5 Things About the SDDC Bond That Most Carriers Get Wrong

  1. The CCR.gov link on several bonding websites is a dead end — SBA registration is now verified through SAM.gov. Multiple surety websites directing SBA-registered carriers to verify their status and obtain documentation for reduced bond tiers still link to CCR.gov (the Central Contractor Registration portal), which was decommissioned in 2012 and replaced by SAM.gov (System for Award Management). Carriers who follow this outdated link will hit a dead page. SBA registration documentation for bond applications must be sourced from SAM.gov, where contractors can access their registration records, print registration summaries, and confirm their active status. If your surety agency asks for SBA documentation and you cannot locate it, SAM.gov is the correct source.
  2. The bond amount table has a different interpretation problem than most carriers realize: the states you list must cover both ends of every shipment, not just where you’re based. Carriers commonly assume their bond covers any load that starts in or ends in their covered states. The ARTRANS requirement is more precise: movements must begin and end within the states listed on your bond. A carrier bonded for two states cannot accept a load that originates outside those two states even if it delivers within them. This means carriers whose DoD freight regularly routes through gateway markets outside their primary operating region are systematically underbonded unless they bond at the four-plus state threshold. Review your actual freight patterns, not just your home state, before selecting your bond amount.
  3. Submitting a bond application without SBA documentation when you qualify for SBA rates is a costly oversight that most carriers only catch at renewal. SBA-registered small carriers who select the lower bond amount tiers — $25,000 for up to 10 states rather than the large carrier requirement — must submit proof of SBA registration alongside their bond application. Carriers who apply without this documentation are typically processed at large carrier rates by default, paying premiums on a $100,000 bond rather than a $25,000 bond. The difference in annual premium cost for a carrier with good credit is roughly $750–$1,500 per year. Carriers who discover this at their first renewal can correct it going forward by submitting SAM.gov registration documentation at that time.
  4. A claim on your SDDC bond is not just an expense — it’s a credential event that affects every future bond you try to obtain in any line of surety. Most transportation operators understand that a claim means paying back the surety for whatever it paid the government. Fewer understand that a paid claim creates a permanent record in the surety industry’s underwriting databases. Future surety applications — not just for SDDC bonds but for any bond — are evaluated against that history. Some sureties will decline to write any bond for a carrier with a prior claim. Those that will may charge rates that price the carrier out of practical participation in the military freight program. Carriers facing an imminent default situation are better served by immediate, transparent communication with their surety company — which has options to help — than by allowing a claim to proceed. The surety’s interest and the carrier’s interest align around avoiding a paid claim; both sides lose when one is processed.

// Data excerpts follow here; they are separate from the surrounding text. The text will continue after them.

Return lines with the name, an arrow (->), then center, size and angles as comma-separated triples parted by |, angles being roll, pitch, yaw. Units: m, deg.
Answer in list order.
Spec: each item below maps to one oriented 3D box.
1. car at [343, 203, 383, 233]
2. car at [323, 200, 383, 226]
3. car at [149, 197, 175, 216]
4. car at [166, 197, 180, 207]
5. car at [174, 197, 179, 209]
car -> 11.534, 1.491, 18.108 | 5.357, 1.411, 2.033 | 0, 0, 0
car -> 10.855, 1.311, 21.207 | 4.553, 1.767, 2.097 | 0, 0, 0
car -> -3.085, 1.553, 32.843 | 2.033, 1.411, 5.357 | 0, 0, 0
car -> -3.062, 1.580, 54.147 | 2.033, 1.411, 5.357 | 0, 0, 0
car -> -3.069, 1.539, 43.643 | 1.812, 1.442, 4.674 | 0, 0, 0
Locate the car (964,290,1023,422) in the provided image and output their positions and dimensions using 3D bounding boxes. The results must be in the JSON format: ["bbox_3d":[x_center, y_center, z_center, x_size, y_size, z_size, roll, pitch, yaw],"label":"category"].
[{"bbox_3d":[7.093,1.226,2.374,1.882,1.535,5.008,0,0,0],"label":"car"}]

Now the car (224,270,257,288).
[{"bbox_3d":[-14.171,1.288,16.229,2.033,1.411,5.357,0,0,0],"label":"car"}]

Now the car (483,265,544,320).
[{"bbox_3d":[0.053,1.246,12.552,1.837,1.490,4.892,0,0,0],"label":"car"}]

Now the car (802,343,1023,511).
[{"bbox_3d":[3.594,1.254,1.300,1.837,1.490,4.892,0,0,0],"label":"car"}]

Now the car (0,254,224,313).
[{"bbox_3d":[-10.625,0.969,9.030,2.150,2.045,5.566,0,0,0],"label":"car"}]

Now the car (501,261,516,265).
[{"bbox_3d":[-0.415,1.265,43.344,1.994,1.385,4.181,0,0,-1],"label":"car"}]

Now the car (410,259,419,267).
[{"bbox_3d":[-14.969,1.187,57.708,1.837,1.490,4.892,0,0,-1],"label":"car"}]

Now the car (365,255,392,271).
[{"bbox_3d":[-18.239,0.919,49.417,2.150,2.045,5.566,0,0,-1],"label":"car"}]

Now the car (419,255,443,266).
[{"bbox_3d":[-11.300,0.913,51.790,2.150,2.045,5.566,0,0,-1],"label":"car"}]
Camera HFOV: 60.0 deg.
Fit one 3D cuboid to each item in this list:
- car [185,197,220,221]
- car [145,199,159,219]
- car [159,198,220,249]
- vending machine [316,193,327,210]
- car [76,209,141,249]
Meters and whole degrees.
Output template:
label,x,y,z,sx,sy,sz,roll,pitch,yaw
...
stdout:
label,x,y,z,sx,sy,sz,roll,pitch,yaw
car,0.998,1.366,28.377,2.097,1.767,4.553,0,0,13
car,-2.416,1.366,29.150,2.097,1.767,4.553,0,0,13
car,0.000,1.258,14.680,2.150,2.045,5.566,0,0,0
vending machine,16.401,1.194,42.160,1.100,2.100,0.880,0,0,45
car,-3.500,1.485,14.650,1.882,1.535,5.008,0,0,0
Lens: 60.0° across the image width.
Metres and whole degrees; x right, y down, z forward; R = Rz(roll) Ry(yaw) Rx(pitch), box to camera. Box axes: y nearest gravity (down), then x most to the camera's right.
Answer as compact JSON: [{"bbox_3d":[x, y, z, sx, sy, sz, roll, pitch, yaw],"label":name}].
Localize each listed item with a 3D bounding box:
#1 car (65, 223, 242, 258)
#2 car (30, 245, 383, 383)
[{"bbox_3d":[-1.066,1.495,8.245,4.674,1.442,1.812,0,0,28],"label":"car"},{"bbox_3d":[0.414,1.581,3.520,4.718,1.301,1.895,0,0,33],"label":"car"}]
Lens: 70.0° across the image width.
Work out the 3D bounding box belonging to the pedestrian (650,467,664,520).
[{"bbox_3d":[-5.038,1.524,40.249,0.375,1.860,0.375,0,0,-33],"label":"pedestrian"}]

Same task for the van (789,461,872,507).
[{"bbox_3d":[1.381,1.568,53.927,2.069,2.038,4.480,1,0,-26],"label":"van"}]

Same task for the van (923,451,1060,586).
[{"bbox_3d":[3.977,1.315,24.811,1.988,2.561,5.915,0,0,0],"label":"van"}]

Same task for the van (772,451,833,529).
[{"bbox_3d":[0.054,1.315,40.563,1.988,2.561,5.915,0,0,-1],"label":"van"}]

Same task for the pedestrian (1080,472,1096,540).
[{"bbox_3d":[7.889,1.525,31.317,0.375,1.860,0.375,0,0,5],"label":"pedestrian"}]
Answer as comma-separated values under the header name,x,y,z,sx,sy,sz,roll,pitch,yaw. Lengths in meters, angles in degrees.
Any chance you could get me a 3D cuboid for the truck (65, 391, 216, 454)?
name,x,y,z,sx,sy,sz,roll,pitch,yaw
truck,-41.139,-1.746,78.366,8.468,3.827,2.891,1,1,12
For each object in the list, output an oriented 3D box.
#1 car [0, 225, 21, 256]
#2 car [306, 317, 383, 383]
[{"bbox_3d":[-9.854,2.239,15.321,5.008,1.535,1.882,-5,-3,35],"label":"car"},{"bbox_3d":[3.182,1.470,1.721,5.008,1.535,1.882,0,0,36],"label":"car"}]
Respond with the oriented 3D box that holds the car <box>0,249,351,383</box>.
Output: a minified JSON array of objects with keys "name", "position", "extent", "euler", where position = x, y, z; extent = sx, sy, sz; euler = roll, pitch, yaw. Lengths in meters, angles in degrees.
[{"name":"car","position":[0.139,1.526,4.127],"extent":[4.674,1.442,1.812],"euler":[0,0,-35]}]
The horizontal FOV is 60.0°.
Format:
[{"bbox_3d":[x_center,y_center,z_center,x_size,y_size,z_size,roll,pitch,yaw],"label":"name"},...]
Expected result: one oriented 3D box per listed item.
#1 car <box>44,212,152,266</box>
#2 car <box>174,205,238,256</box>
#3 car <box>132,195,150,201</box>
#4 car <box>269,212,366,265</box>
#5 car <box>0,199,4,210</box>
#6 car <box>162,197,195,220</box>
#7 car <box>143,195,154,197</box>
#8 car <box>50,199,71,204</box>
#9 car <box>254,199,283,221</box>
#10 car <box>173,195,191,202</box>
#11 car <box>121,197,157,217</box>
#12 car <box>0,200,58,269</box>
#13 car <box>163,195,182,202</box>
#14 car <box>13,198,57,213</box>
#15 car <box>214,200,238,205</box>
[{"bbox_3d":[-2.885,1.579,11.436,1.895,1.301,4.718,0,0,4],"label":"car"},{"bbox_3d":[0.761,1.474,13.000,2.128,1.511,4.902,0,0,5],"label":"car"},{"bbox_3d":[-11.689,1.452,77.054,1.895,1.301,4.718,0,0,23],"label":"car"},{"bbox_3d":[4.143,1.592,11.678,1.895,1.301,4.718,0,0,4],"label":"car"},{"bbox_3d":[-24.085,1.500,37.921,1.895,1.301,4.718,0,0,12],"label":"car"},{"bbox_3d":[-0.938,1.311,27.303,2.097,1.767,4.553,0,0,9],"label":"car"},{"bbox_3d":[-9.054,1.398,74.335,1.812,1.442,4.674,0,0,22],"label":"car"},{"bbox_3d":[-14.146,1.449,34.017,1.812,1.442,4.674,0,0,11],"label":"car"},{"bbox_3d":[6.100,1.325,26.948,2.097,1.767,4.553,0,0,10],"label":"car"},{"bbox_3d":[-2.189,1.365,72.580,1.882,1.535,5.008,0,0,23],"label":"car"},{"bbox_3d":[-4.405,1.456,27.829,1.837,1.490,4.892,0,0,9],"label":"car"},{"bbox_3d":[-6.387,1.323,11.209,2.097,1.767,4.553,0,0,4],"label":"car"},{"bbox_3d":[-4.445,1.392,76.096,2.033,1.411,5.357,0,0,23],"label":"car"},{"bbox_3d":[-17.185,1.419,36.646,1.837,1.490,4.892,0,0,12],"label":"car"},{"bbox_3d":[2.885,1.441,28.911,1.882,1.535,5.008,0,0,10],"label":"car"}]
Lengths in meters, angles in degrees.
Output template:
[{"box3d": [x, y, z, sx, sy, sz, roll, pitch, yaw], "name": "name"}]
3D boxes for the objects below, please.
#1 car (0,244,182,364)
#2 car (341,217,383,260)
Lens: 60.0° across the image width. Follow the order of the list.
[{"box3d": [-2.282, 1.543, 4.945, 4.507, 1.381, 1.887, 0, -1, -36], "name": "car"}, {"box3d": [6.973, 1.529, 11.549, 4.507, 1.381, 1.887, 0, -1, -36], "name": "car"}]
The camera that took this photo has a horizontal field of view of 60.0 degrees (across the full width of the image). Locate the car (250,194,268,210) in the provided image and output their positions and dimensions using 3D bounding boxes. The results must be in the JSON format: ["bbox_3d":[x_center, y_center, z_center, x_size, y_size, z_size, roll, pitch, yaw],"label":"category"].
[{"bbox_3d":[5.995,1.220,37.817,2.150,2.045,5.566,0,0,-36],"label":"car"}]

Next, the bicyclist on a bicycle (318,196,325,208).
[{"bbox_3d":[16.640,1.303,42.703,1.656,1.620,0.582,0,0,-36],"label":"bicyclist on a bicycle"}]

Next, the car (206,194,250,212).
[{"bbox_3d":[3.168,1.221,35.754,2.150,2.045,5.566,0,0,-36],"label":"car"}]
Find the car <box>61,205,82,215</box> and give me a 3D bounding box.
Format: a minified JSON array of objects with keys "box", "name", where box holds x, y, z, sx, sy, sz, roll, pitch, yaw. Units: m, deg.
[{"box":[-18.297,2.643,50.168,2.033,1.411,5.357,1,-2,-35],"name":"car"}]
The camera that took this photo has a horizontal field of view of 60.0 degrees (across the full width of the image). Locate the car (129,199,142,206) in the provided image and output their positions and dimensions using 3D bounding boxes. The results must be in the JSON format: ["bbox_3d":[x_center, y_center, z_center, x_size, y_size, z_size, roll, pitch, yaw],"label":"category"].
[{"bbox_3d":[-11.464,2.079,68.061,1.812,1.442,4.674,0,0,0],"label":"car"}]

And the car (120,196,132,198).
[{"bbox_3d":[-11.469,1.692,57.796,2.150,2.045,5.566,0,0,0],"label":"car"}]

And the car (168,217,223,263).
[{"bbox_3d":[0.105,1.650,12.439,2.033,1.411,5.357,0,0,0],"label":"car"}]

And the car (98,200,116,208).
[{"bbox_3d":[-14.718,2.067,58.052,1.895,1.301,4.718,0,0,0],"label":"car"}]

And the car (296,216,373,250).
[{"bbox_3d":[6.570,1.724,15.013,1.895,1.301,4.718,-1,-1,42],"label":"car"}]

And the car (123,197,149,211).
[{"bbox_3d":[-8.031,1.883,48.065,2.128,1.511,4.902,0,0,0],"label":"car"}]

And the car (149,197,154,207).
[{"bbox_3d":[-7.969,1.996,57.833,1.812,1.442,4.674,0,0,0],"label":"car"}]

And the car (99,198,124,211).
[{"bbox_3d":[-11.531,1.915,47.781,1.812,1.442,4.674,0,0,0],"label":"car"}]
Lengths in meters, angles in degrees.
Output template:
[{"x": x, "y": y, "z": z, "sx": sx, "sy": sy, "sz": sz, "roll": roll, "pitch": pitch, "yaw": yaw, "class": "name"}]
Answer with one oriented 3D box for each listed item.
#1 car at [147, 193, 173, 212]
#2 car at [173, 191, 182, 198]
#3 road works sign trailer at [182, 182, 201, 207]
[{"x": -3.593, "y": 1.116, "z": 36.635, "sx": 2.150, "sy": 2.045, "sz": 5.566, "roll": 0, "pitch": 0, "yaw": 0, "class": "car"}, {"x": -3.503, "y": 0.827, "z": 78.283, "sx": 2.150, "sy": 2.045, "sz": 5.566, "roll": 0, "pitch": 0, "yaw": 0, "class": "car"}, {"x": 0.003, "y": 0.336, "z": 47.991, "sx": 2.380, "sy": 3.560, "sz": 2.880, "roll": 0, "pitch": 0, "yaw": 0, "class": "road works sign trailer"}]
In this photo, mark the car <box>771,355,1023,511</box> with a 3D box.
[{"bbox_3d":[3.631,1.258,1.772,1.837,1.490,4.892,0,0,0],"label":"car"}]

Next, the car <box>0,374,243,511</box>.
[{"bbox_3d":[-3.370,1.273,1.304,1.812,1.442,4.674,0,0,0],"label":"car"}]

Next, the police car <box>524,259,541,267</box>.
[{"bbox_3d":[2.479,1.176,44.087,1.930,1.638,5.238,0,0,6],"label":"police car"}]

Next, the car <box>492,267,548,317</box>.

  5. The bond amount can be reassigned mid-registration period if your DoD revenue grows — and the 30-day response window is shorter than most carriers expect. ARTRANS monitors registered carriers’ performance and can require a higher bond amount at any point during the registration year, not just at renewal. When this happens, the carrier receives a formal notification and has 30 days to submit a new, larger bond. Many carriers assume their annual bond amount is fixed until renewal and are caught off-guard by a mid-year notification. The practical defense is to track your DoD revenue against your bond amount throughout the year. If you’re operating at a $50,000 bond and your DoD revenue has grown to a level where 2.5% of revenue exceeds $50,000, a notification requiring a bond increase is likely — proactively requesting the larger bond before notification arrives is better than scrambling to respond within a 30-day window.